We can see the namespaces on the system by running the lsns command. Before starting the container, the output of lsns looked like this:
ubuntu@sbh:~$ sudo lsns
NS TYPE NPROCS PID USER COMMAND
4026531834 time 124 1 root /sbin/init
4026531835 cgroup 124 1 root /sbin/init
4026531836 pid 124 1 root /sbin/init
4026531837 user 124 1 root /sbin/init
4026531838 uts 120 1 root /sbin/init
4026531839 ipc 124 1 root /sbin/init
4026531840 net 124 1 root /sbin/init
4026531841 mnt 113 1 root /sbin/init
4026531862 mnt 1 25 root kdevtmpfs
4026532171 mnt 1 153 root /lib/systemd/systemd-udevd
4026532172 uts 1 153 root /lib/systemd/systemd-udevd
4026532191 mnt 1 401 systemd-network /lib/systemd/systemd-networkd
4026532202 mnt 1 403 systemd-resolve /lib/systemd/systemd-resolved
4026532203 mnt 2 485 _chrony /usr/sbin/chronyd -F 1
4026532211 mnt 2 4497 root dockerd --group docker --exec-root=/run/snap.docker --data-root=/var/snap/docker/common/var-lib-docker --pidfile=/run/snap.docker/docker.pid --config-file=/var/snap
4026532260 mnt 1 450 root /usr/sbin/irqbalance --foreground
4026532261 uts 2 485 _chrony /usr/sbin/chronyd -F 1
4026532262 mnt 1 467 root /lib/systemd/systemd-logind
4026532263 uts 1 467 root /lib/systemd/systemd-logind
4026532321 mnt 1 539 root /usr/sbin/ModemManager
After the container was started, a few more namespaces of different types were added:
ubuntu@sbh:~$ sudo lsns
NS TYPE NPROCS PID USER COMMAND
...... < pre existing namespaces > .......
4026532215 mnt 1 6593 root bash
4026532216 uts 1 6593 root bash
4026532217 ipc 1 6593 root bash
4026532218 pid 1 6593 root bash
4026532219 net 1 6593 root bash
...... < more pre existing namespaces > .......
We can see that docker created namespaces of type mnt, uts, ipc, pid and net for the container process (that has PID 6593).
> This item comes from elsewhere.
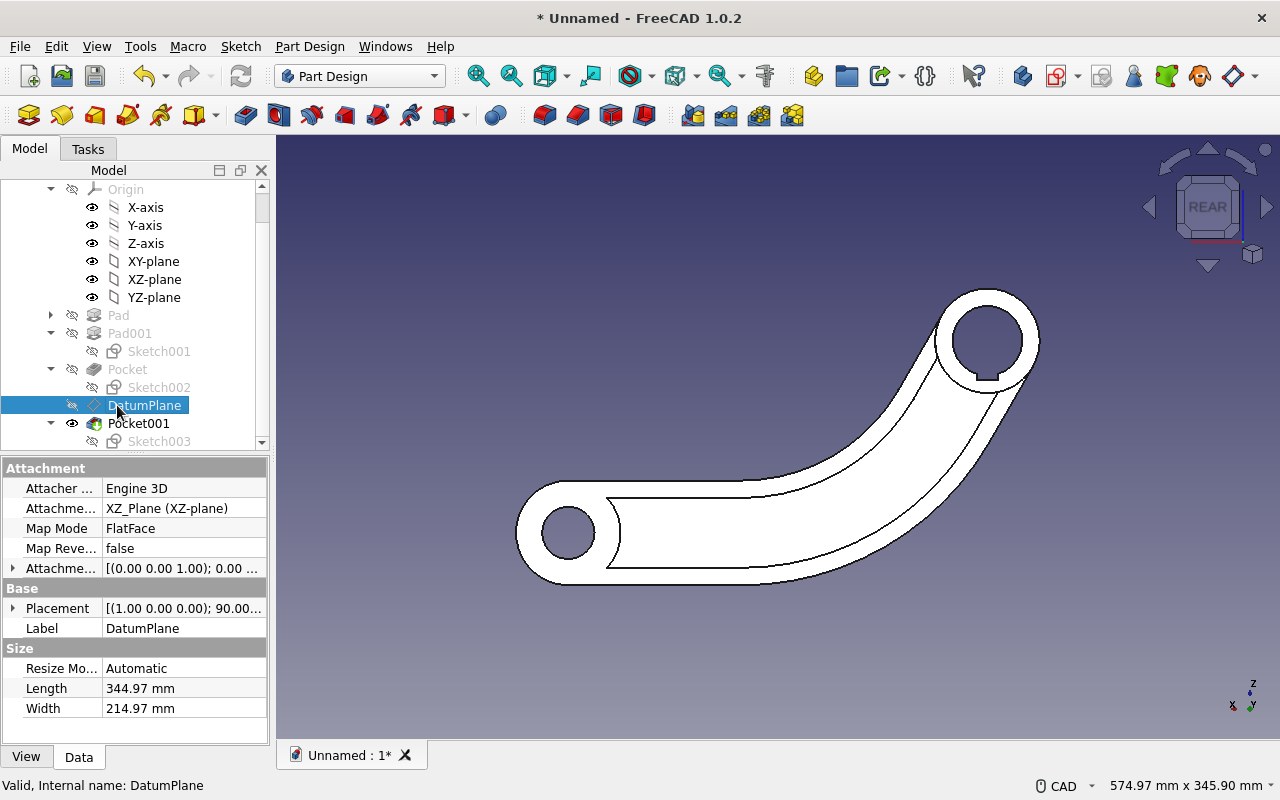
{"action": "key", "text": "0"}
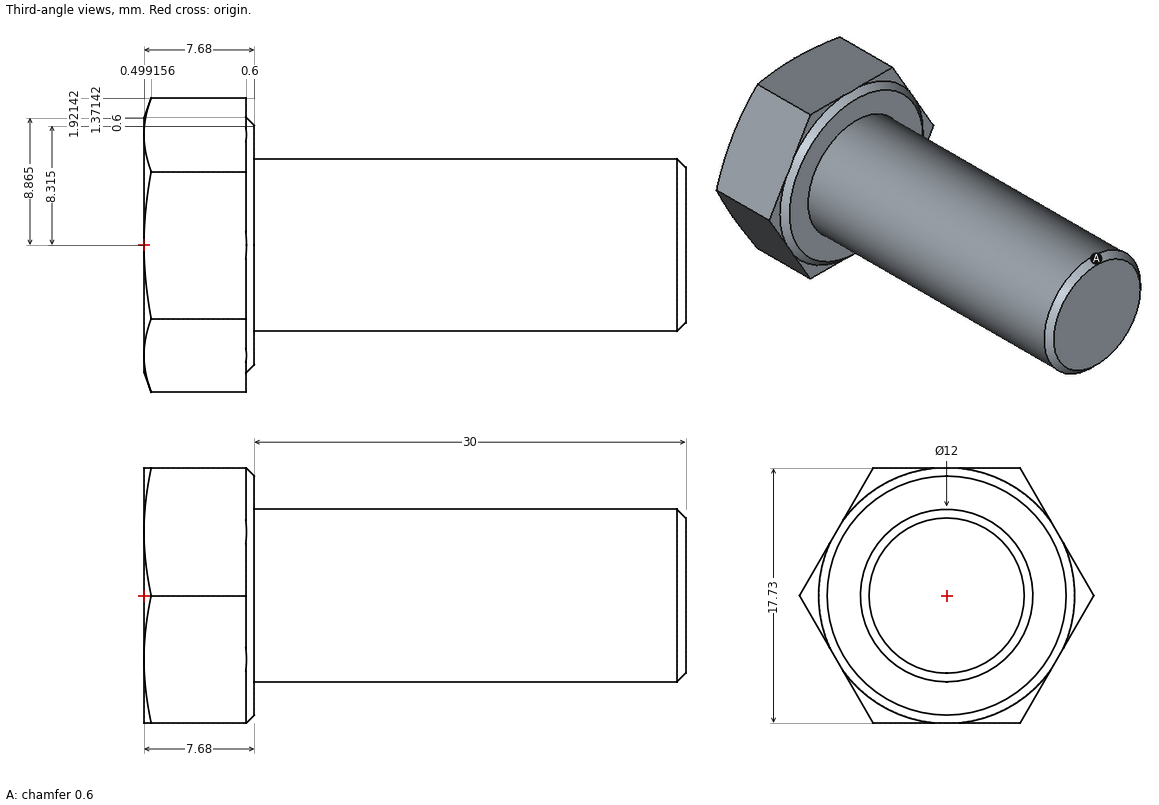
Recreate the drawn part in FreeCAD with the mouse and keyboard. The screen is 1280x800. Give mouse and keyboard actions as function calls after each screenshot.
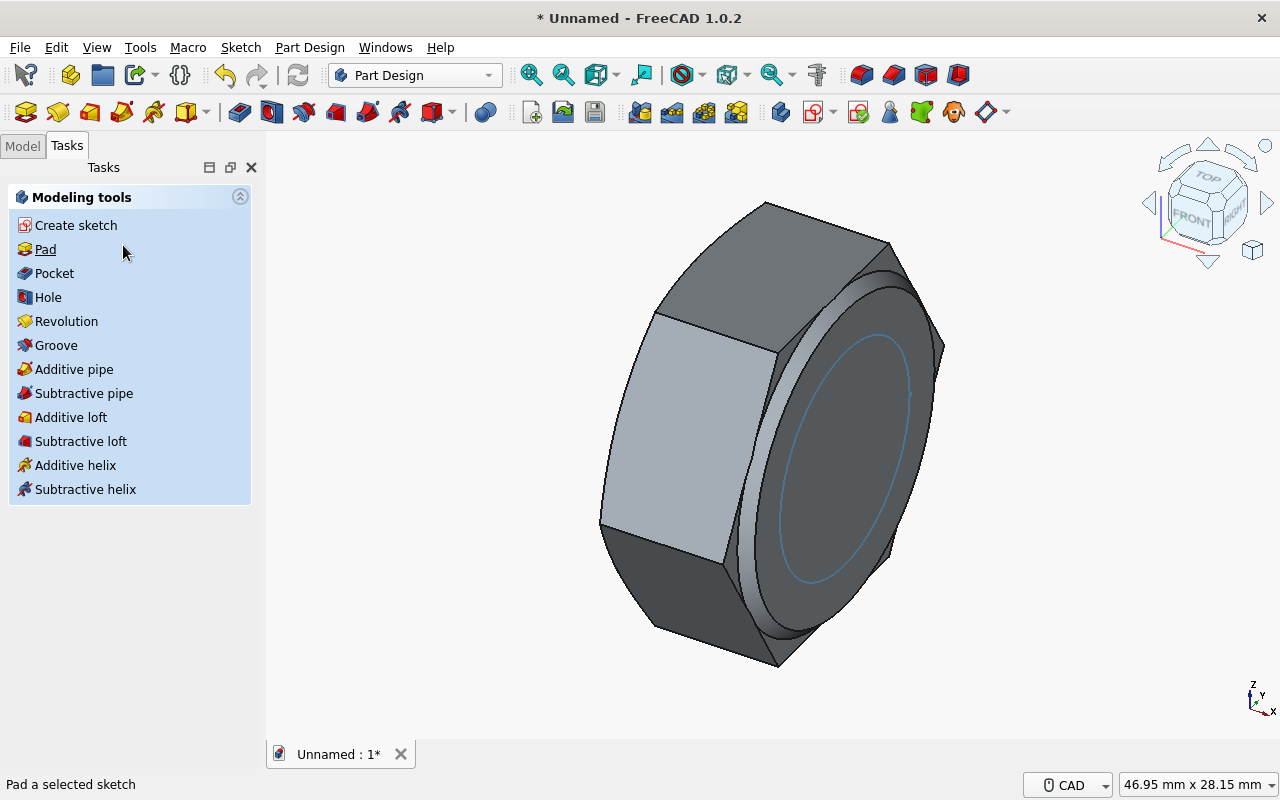
click(26, 112)

This is the reason why PIDs, hostname, and so on were isolated. The container process has no different time namespace associated with it, so it ‘shares’ the host’s time namespace. That means the system time inside and outside the container are the same.
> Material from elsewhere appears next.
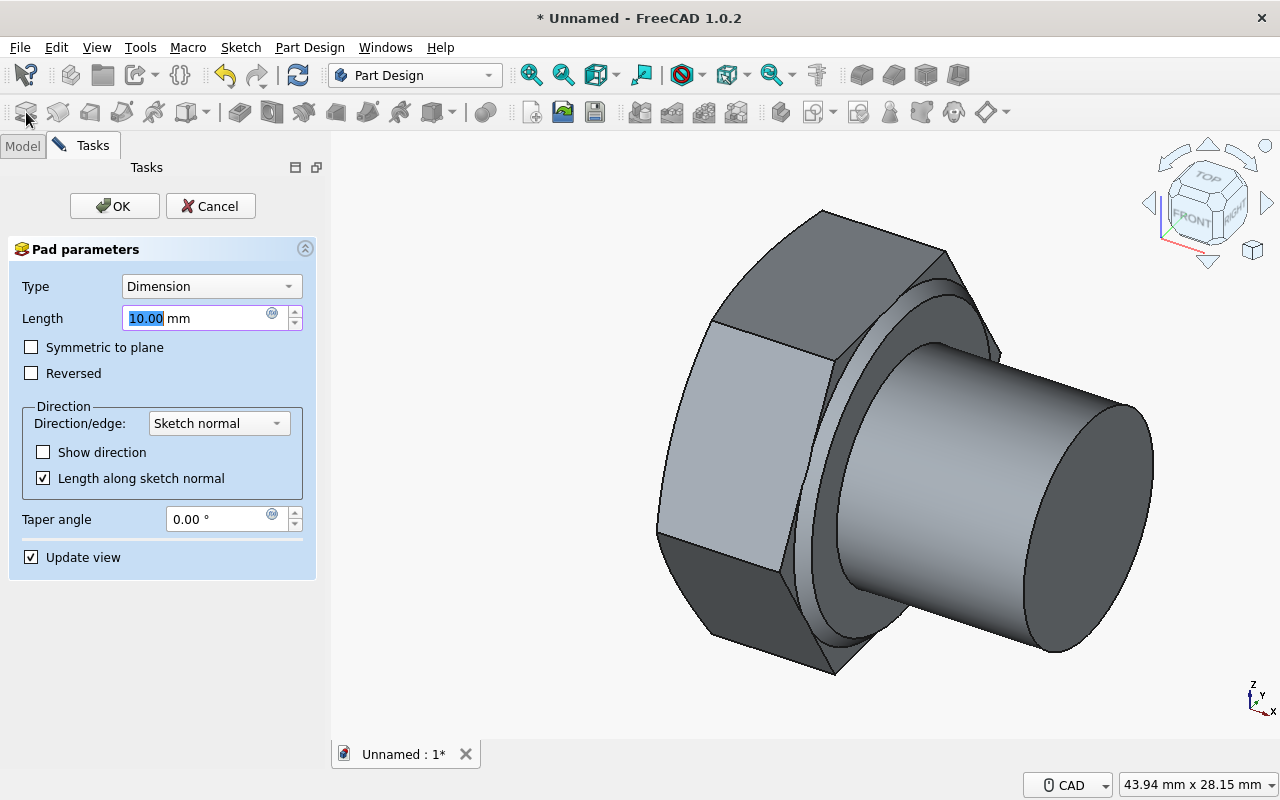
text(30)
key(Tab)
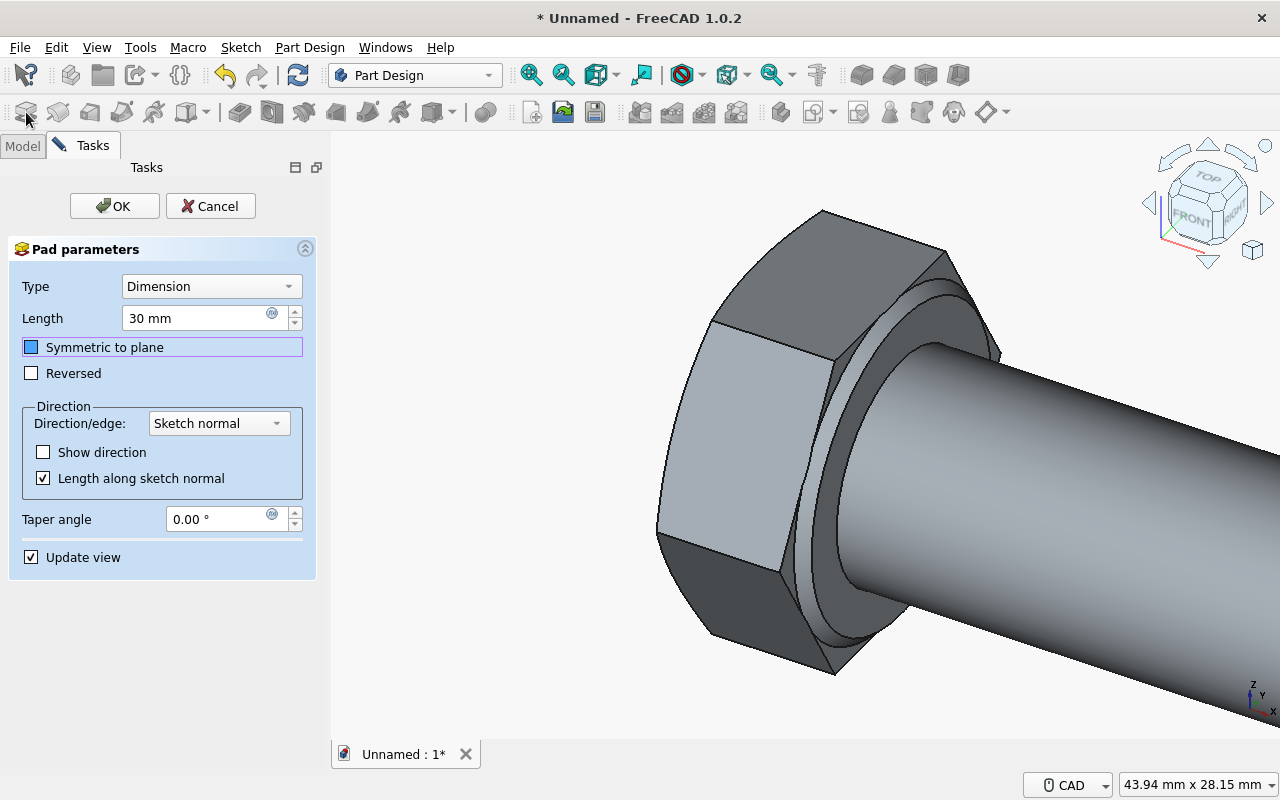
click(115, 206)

To see the creation and removal of namespaces more clearly, you can run the lsns command with the -t flag to filter by namespace type.
When the container is running, we see two PID namespaces, one for the host processes and one for the container process.
ubuntu@sbh:~$ sudo lsns -t pid
NS TYPE NPROCS PID USER COMMAND
4026531836 pid 123 1 root /sbin/init
4026532218 pid 1 6593 root bash
When the container is stopped and removed, we see only one PID namespace, as the container namespace is removed:
ubuntu@sbh:~$ sudo lsns -t pid
NS TYPE NPROCS PID USER COMMAND
4026531836 pid 126 1 root /sbin/init
We can also create our own namespaces and run processes inside them. To do so, we can use the unshare command, because we no longer want to ‘share’ the namespace with the rest of the system.
Let’s create a UTS namespace for a new process and try to simulate the behavior we saw on the docker container. I will open two terminal sessions and call them ‘terminal 1’ and ‘terminal 2’. We will run a process with our new namespace in terminal 2.
In terminal 2, let’s execute the unshare command to run a bash process with uts namespace unshared from the parent:
root@sbh:/home/ubuntu# hostname newname
root@sbh:/home/ubuntu# hostname
newname
We see that the hostname has changed for this process. In terminal 1, where the shell is in the host’s original UTS namespace, the hostname is the same as before:
ubuntu@sbh:~$ hostname
sbh
In terminal 2, we can exit the unshared bash process to see that the hostname is again sbh. This is akin to getting out of the container shell and into the host shell.
root@sbh:/home/ubuntu# exit
exit
ubuntu@sbh:~$ hostname
sbh
This was a very brief introduction to namespaces. We can build on top of this to create namespaces of other types to make our process more and more like the docker container that we ran in the beginning. For more details, you may refer to Chapter 4 — Container Isolation of the book Container Security. In fact, I highly recommend going through the entire book.